17 Cleaning the Machine Some common steps for cleaning the machine include: Turn off power Check rinse nozzles are clean and free of lime deposits Drain the machine Clean wash arms Wash machine interior Empty & wash strainer pans & baskets A mechanical ware washing machine must be cleaned at the end of each shift.

18 Storing Equipment & Utensils
After cleaning & sanitizing store equipment: on regularly cleaned & sanitized shelving 15 cm (6 inches) off the floor away from contaminants like garbage Make sure your hands are clean before you handle equipment and utensils that have been cleaned and sanitized. Otherwise you will contaminate the equipment you just cleaned.

19 Single Service Utensils
Single-service utensils and containers must not be used more than once. Single-service utensils and containers have not been constructed to be easily cleanable or sanitized. Bacteria, viruses and food particles would be carried from one customer to the next if these materials were reused. This would result in a very high risk of foodborne illness and possible allergen reactions.

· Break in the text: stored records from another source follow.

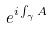Convert formula to latex. <formula><loc_0><loc_0><loc_500><loc_500>e ^ { i \int _ { \gamma } A }</formula> 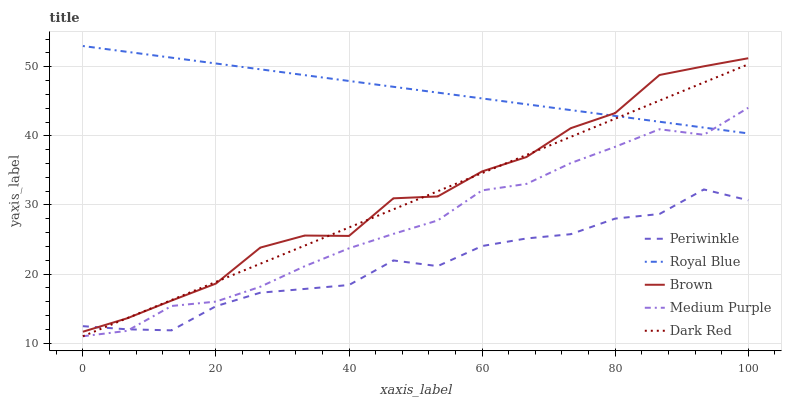Does Periwinkle have the minimum area under the curve?
Answer yes or no. Yes. Does Royal Blue have the maximum area under the curve?
Answer yes or no. Yes. Does Dark Red have the minimum area under the curve?
Answer yes or no. No. Does Dark Red have the maximum area under the curve?
Answer yes or no. No. Is Royal Blue the smoothest?
Answer yes or no. Yes. Is Brown the roughest?
Answer yes or no. Yes. Is Dark Red the smoothest?
Answer yes or no. No. Is Dark Red the roughest?
Answer yes or no. No. Does Medium Purple have the lowest value?
Answer yes or no. Yes. Does Royal Blue have the lowest value?
Answer yes or no. No. Does Royal Blue have the highest value?
Answer yes or no. Yes. Does Dark Red have the highest value?
Answer yes or no. No. Is Medium Purple less than Brown?
Answer yes or no. Yes. Is Royal Blue greater than Periwinkle?
Answer yes or no. Yes. Does Periwinkle intersect Medium Purple?
Answer yes or no. Yes. Is Periwinkle less than Medium Purple?
Answer yes or no. No. Is Periwinkle greater than Medium Purple?
Answer yes or no. No. Does Medium Purple intersect Brown?
Answer yes or no. No. 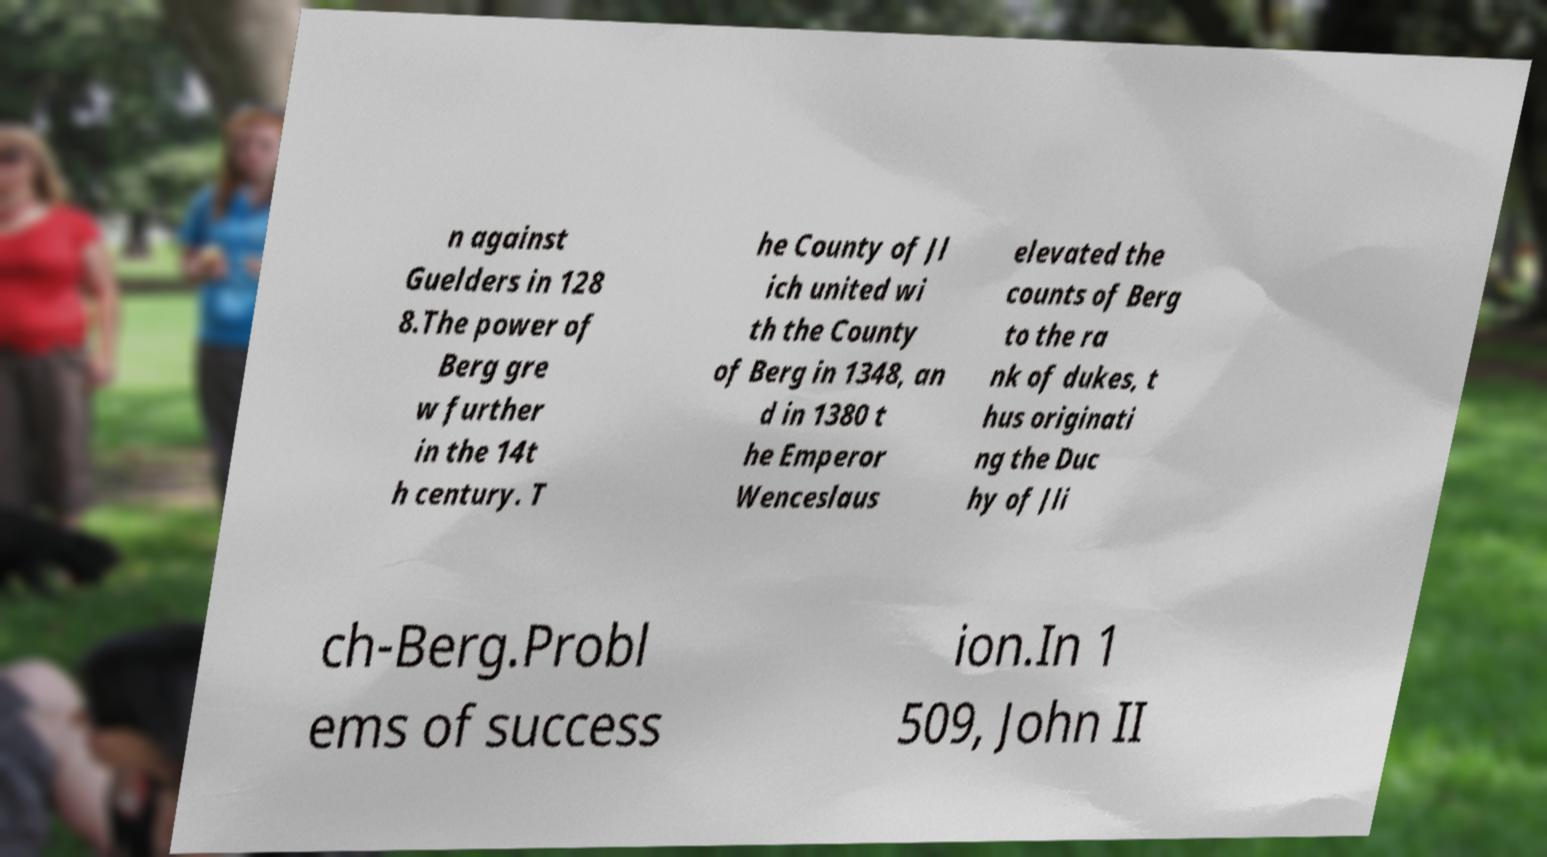Could you assist in decoding the text presented in this image and type it out clearly? n against Guelders in 128 8.The power of Berg gre w further in the 14t h century. T he County of Jl ich united wi th the County of Berg in 1348, an d in 1380 t he Emperor Wenceslaus elevated the counts of Berg to the ra nk of dukes, t hus originati ng the Duc hy of Jli ch-Berg.Probl ems of success ion.In 1 509, John II

20 Use of Single Service Utensils
Single-service utensils and containers should: Be stored in closed cartons or containers and stored away from exposed sewer lines or water lines; Be dispensed in a manner that prevents contamination of surfaces that come in contact with food or with the mouth of the user; and Be disposed of properly, so they do not spread odour and disease or attract pests.

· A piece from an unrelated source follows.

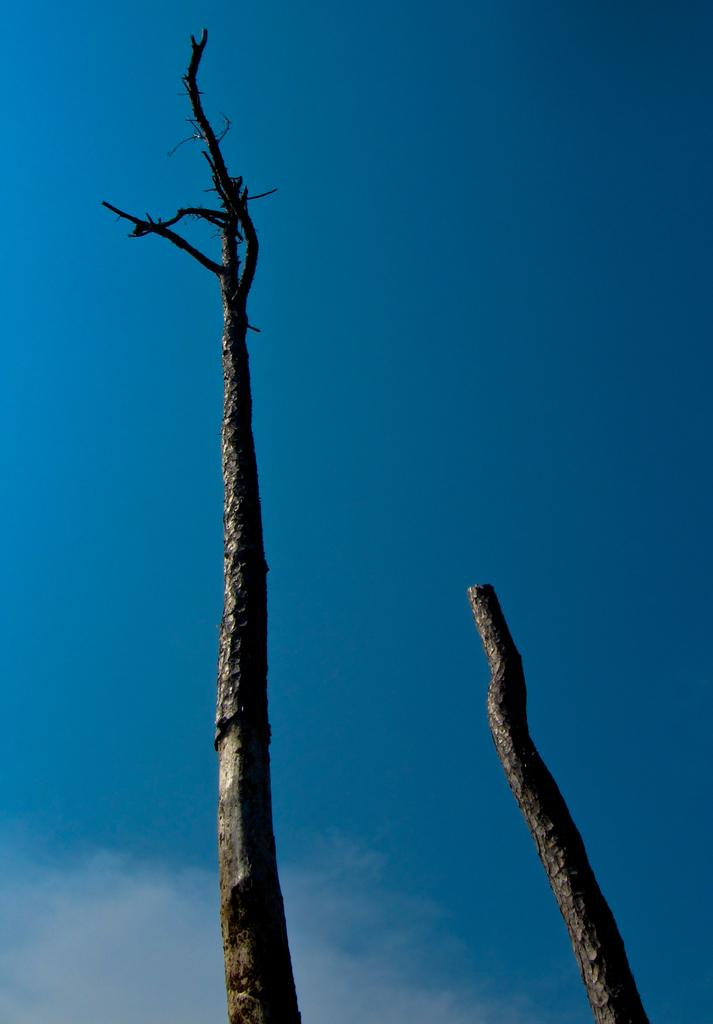What objects can be seen in the image? There are two dried tree branches in the image. What is visible in the background of the image? There is a sky visible in the image. What can be observed in the sky? Clouds are present in the sky. What type of knot is tied on the end of one of the tree branches? There is no knot tied on the end of any of the tree branches in the image. What kind of dinner is being prepared in the image? There is no dinner preparation or any indication of food in the image. 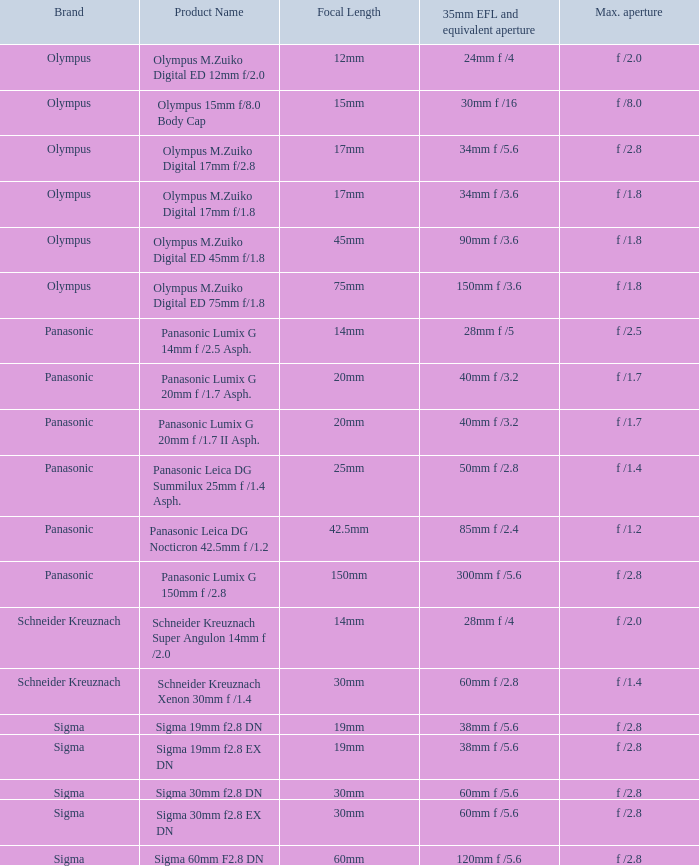For lenses with a 20mm focal length, what is the highest aperture value? F /1.7, f /1.7. Can you parse all the data within this table? {'header': ['Brand', 'Product Name', 'Focal Length', '35mm EFL and equivalent aperture', 'Max. aperture'], 'rows': [['Olympus', 'Olympus M.Zuiko Digital ED 12mm f/2.0', '12mm', '24mm f /4', 'f /2.0'], ['Olympus', 'Olympus 15mm f/8.0 Body Cap', '15mm', '30mm f /16', 'f /8.0'], ['Olympus', 'Olympus M.Zuiko Digital 17mm f/2.8', '17mm', '34mm f /5.6', 'f /2.8'], ['Olympus', 'Olympus M.Zuiko Digital 17mm f/1.8', '17mm', '34mm f /3.6', 'f /1.8'], ['Olympus', 'Olympus M.Zuiko Digital ED 45mm f/1.8', '45mm', '90mm f /3.6', 'f /1.8'], ['Olympus', 'Olympus M.Zuiko Digital ED 75mm f/1.8', '75mm', '150mm f /3.6', 'f /1.8'], ['Panasonic', 'Panasonic Lumix G 14mm f /2.5 Asph.', '14mm', '28mm f /5', 'f /2.5'], ['Panasonic', 'Panasonic Lumix G 20mm f /1.7 Asph.', '20mm', '40mm f /3.2', 'f /1.7'], ['Panasonic', 'Panasonic Lumix G 20mm f /1.7 II Asph.', '20mm', '40mm f /3.2', 'f /1.7'], ['Panasonic', 'Panasonic Leica DG Summilux 25mm f /1.4 Asph.', '25mm', '50mm f /2.8', 'f /1.4'], ['Panasonic', 'Panasonic Leica DG Nocticron 42.5mm f /1.2', '42.5mm', '85mm f /2.4', 'f /1.2'], ['Panasonic', 'Panasonic Lumix G 150mm f /2.8', '150mm', '300mm f /5.6', 'f /2.8'], ['Schneider Kreuznach', 'Schneider Kreuznach Super Angulon 14mm f /2.0', '14mm', '28mm f /4', 'f /2.0'], ['Schneider Kreuznach', 'Schneider Kreuznach Xenon 30mm f /1.4', '30mm', '60mm f /2.8', 'f /1.4'], ['Sigma', 'Sigma 19mm f2.8 DN', '19mm', '38mm f /5.6', 'f /2.8'], ['Sigma', 'Sigma 19mm f2.8 EX DN', '19mm', '38mm f /5.6', 'f /2.8'], ['Sigma', 'Sigma 30mm f2.8 DN', '30mm', '60mm f /5.6', 'f /2.8'], ['Sigma', 'Sigma 30mm f2.8 EX DN', '30mm', '60mm f /5.6', 'f /2.8'], ['Sigma', 'Sigma 60mm F2.8 DN', '60mm', '120mm f /5.6', 'f /2.8']]}

21 Wiping Cloths Wiping cloths used for wiping food spills on food contact surfaces such as tables must be: Routinely cleaned and, when not in use, kept in a separate sanitizing solution Be disposed of properly, so they do not spread odour; and Be used for no other purposes, such as wiping raw animal juices. If a server at a busy full-service restaurant uses the same cloth all evening to clean tables, there is a high risk of spreading harmful microorganisms. Each customer that comes in contact with a table surface that has been wiped by a dirty wiping cloth can potentially become ill .

22 Housekeeping & Maintenance Schedules
Floors, walls and ceilings throughout the operation, must be cleaned often to prevent accumulation dirt. Establish a schedule and include: Cleaning light fixtures, wall hangings, areas under booth cushions, highchair trays, windows and drapes; and Cleaning and sanitizing tables, counters, and other work surfaces.

23 Housekeeping Tips Dry sweeping should be kept to a minimum to prevent dust in the air that can contaminate food contact surfaces A dust control type vacuum cleaner is the best method of dry cleaning floors. Remove dirt or refuse from under fixtures, in corners, and in hard-to-reach places. Daily cleaning should be done after closing or prior to opening.

24 Summary Cleaning programs require written procedures for cleaning and sanitizing the facility and equipment. Equipment and utensils that come in contact with food must be cleaned and sanitized after each use. Single use utensils must be protected from contamination and cannot be reused. Wiping cloths must be clean and kept sanitized between uses. The facility, must be cleaned often to prevent the accumulation of dust, dirt, food residue and debris.